The pipeline (chunking, dimensions, normalization, delta) must match how the tokenizer was trained; otherwise reconstruction error can be large or the tokenizer may raise.
## Caveats
- The tokenizers **action_horizon** and **action_dim** (and optionally DCT settings) are fixed at training time. The benchmark infers dimensions from the dataset and encoded dims; the tokenizer path must correspond to a model trained with the same horizon and encoded dimensions.
- Reconstruction is evaluated in **normalized space** (the same space the tokenizer sees). For interpretation in raw action space, you would need to invert normalization outside this script.

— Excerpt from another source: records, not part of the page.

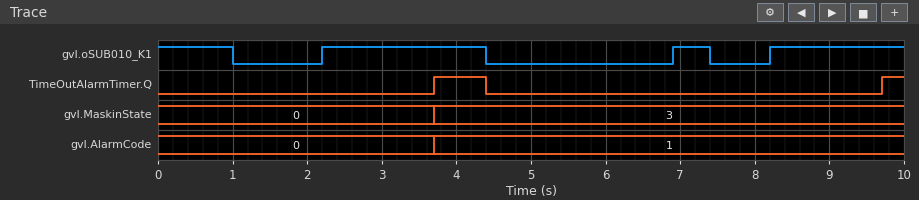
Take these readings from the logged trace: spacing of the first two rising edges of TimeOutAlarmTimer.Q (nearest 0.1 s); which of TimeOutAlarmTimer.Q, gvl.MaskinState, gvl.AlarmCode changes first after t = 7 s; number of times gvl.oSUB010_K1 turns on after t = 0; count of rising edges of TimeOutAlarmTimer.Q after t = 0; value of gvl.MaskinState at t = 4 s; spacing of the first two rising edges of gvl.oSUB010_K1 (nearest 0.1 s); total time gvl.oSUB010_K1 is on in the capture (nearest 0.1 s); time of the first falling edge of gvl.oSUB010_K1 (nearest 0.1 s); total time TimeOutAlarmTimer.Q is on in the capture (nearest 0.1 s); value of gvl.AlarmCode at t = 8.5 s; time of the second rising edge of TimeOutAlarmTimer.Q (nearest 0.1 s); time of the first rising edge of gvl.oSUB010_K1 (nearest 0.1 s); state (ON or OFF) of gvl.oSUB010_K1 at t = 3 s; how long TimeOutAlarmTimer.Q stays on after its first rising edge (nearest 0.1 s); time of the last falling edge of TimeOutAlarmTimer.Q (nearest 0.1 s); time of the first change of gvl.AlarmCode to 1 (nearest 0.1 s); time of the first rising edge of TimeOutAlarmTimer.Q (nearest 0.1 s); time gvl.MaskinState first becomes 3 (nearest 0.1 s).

6.0 s
TimeOutAlarmTimer.Q
3
2
3
4.7 s
5.5 s
1.0 s
1.0 s
1
9.7 s
2.2 s
ON
0.7 s
4.4 s
3.7 s
3.7 s
3.7 s

- Only one tokenizer and one dataset are evaluated per run. To compare tokenizers or datasets, run the script multiple times and compare the saved JSON files.
## Example
Quick run with a local tokenizer and a small number of episodes:
```bash
python benchmarks/tokens/run_action_tokenizer_benchmark.py \
--action-tokenizer-path=outputs/wavetoken \
--repo-id=lerobot/pusht \
--action-horizon=10 \
--max-episodes=50 \
--output-dir=outputs/action_tokenizer_benchmark
```
With delta transform and custom encoded dimensions:
```bash
python benchmarks/tokens/run_action_tokenizer_benchmark.py \
--action-tokenizer-path=outputs/wavetoken \
--repo-id=lerobot/pusht \
--action-horizon=10 \
--encoded-dims=0:6,7:14 \
--delta-dims=0,1,2,3,4,5 \
--use-delta-transform \
--normalization-mode=QUANTILES \
--max-chunks-for-reconstruction=500 \
--output-dir=outputs/action_tokenizer_benchmark
```
Results are written to e.g. `outputs/action_tokenizer_benchmark/2026-02-12_14-30-00_lerobot_pusht_action_tokenizer_results.json`.
## Results
Results are stored as JSON in the directory given by `--output-dir` (default: `outputs/action_tokenizer_benchmark`). Each file contains:
- **config**: All script arguments (tokenizer path, repo_id, action_horizon, encoded_dims, normalization_mode, etc.) for reproducibility.
- **metrics**: All reconstruction, compression, and timing metrics described above.
To compare runs, load and diff or aggregate these JSON files with your own scripts or notebooks.